What effect the loss of the hemlock will have on native brook trout, who are found more commonly in hemlock-shaded streams, or on blackburnian and black-throated blue warblers, blue-headed vireos and northern goshawks, who require hemlock forest habitats, remains to be seen. Dozens more bird species use hemlock as a food source, and for nesting and roost sites and for shelter. Hemlock stands provide important cover for ruffed grouse, deer, wild turkey, rabbits - and homes for innumerable insects and other invertebrates, for salamanders and whole complexes of plants.

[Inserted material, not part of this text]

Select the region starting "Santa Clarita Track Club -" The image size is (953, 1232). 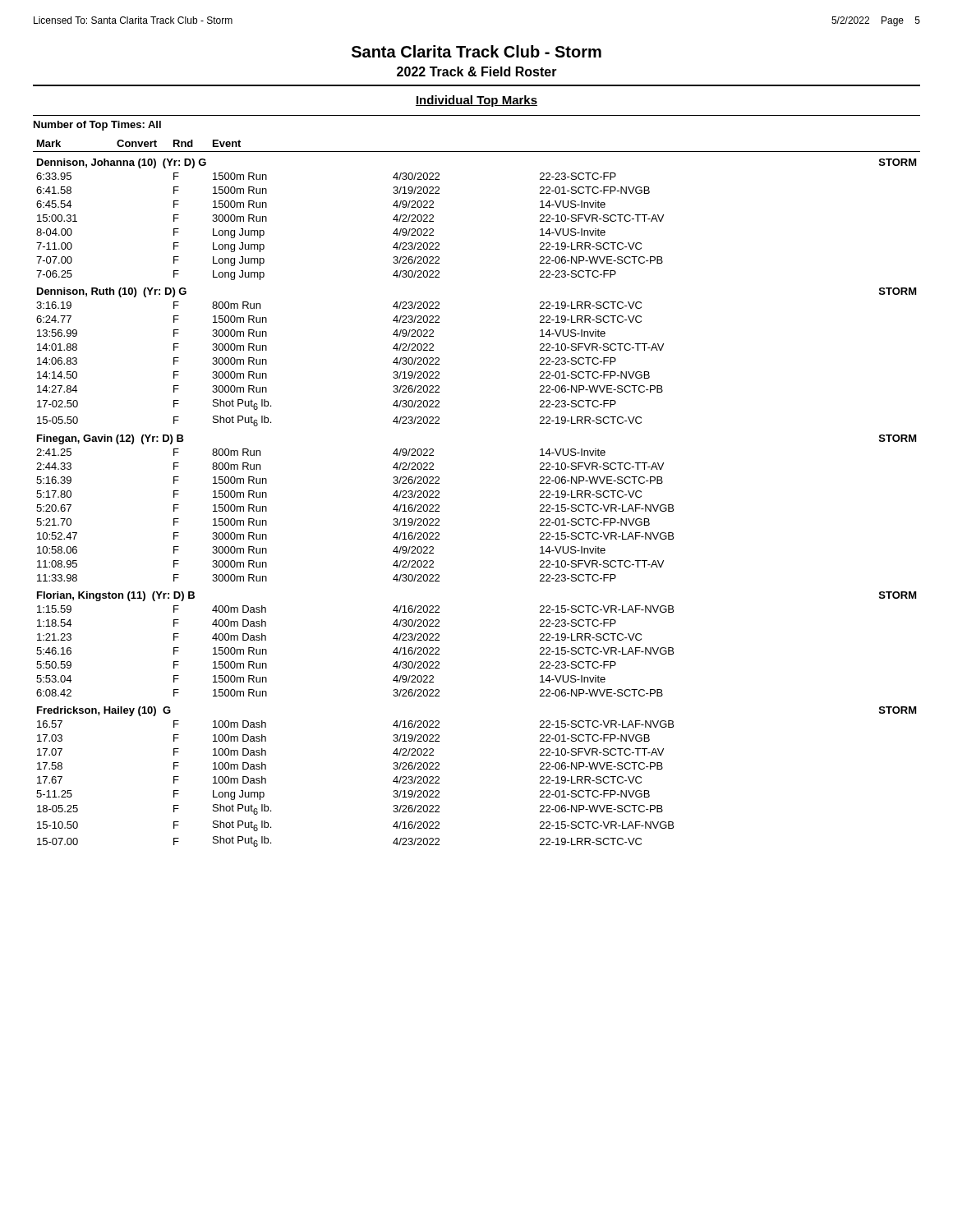point(476,52)
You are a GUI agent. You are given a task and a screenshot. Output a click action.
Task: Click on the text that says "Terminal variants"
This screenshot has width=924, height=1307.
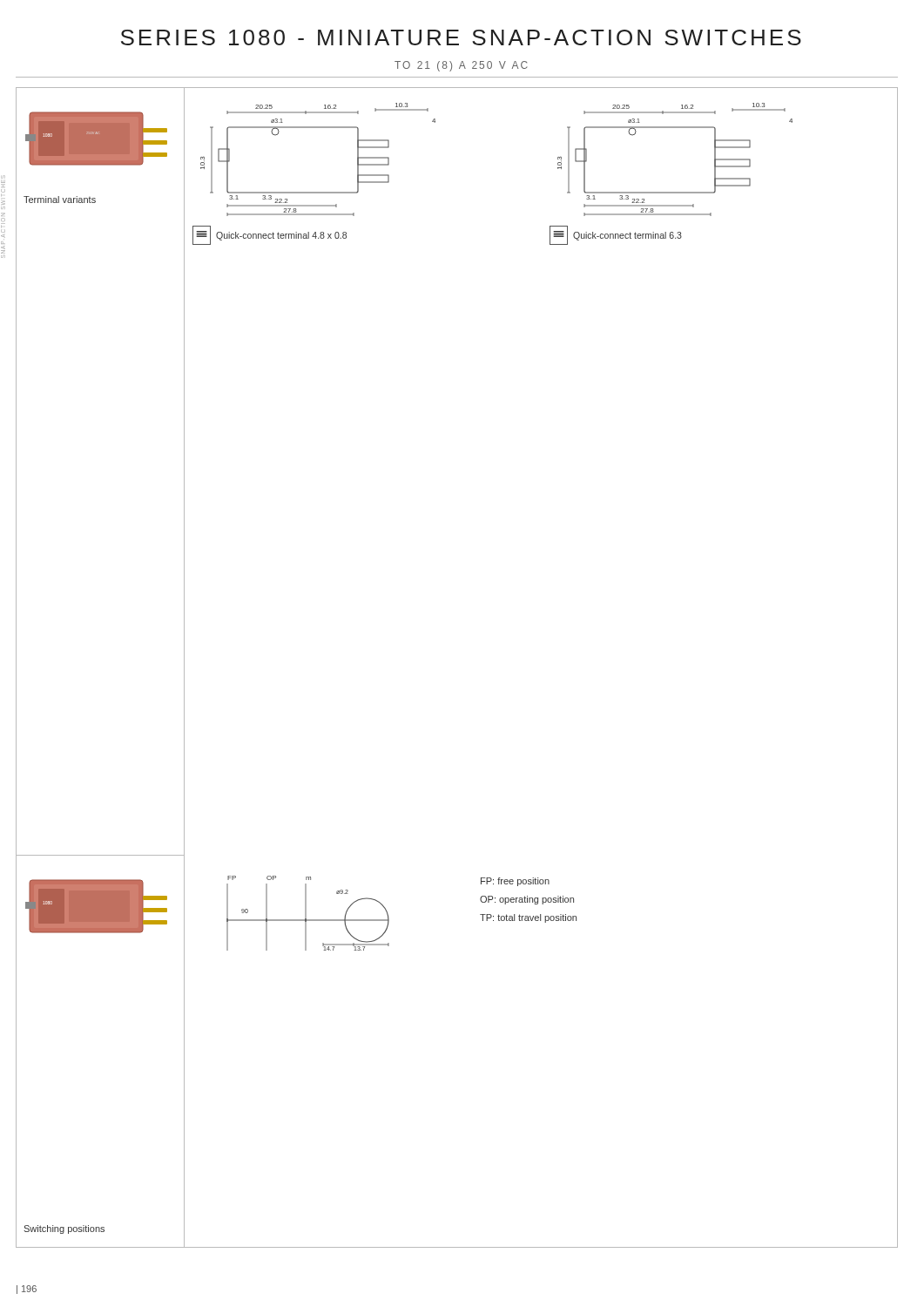coord(60,200)

Then there's our loss. Though hemlock is not a valuable timber species, it is widely used as a landscape tree (274 cultivars of eastern hemlock have been developed), and glorious in natural settings. In spring, bright new growth at the tip of every twig offsets older needles' deep and somber green. To walk beneath old growth giants - on the way to an overlook at Linville Falls, in Cataloochee, or in other places where remnants of the forest primeval still exist - is to glimpse, however dimly, what natural cathedrals our woodlands once were.

What Hope Is There for the Hemlock?

The search is under way for ways to control the adelgid. Seed banking is planned, and biologists are looking for resistant trees in the wild (so far, no one has found any). Researchers hope one day to be able to breed western hemlock's resistance into eastern and Carolina hemlocks while maintaining as many characteristics of the eastern species as possible.

Landscape trees can be protected using insecticide sprays, though every needle must be thoroughly drenched annually to be effective. Chemical control, in its current form, is impractical to impossible in forest settings. Hemlock stands are scattered and often inaccessible; full insecticide coverage is difficult to achieve; many trees can't be sprayed because of their proximity to streams. Other chemical applications are being used in some areas, including systemic insecticides applied through stem injection, implantation and soil drenches. Shenandoah began experimenting this year with an injectable systemic that may allow protection of some large isolated trees not yet seriously infested with adelgids.


Predator. Tiny but voracious, both the larva and adult (shown here) of Pseudoscymnus tsugae attack all stages of the adelgid.
Work is also under way on biocontrols, the most promising of which is a tiny black coccinellid beetle (Pseudoscymnus tsugae) discovered feeding on adelgids in Japan in 1992. Years of quarantine and study convinced researchers that the beetle was safe for release in the wild. (Other predatory beetles and mites that prey on the adelgids in Japan and China are also being studied, but haven't been approved for release.) A lab in New Jersey has been mass-rearing P. tsugae since 1997. Several hundred thousand beetles have been experimentally released in nearly a dozen states. Among the places the beetles have been released are a few parkway locations north of Boone; in Ellicott Rock Wilderness Area; and, in early June, in the Smokies at Cataloochee, Laurel Falls and Panther Creek.

No one knows yet whether the beetles will reproduce in numbers in the wild, or make a dent on the adelgid population. Even so, demand for the beetles far outstrips supply - and will, for years to come. "I wish I had a whole shoebox - or 10 shoeboxes - of those beetles for Linville Falls," McElrath says sadly. "But I don't."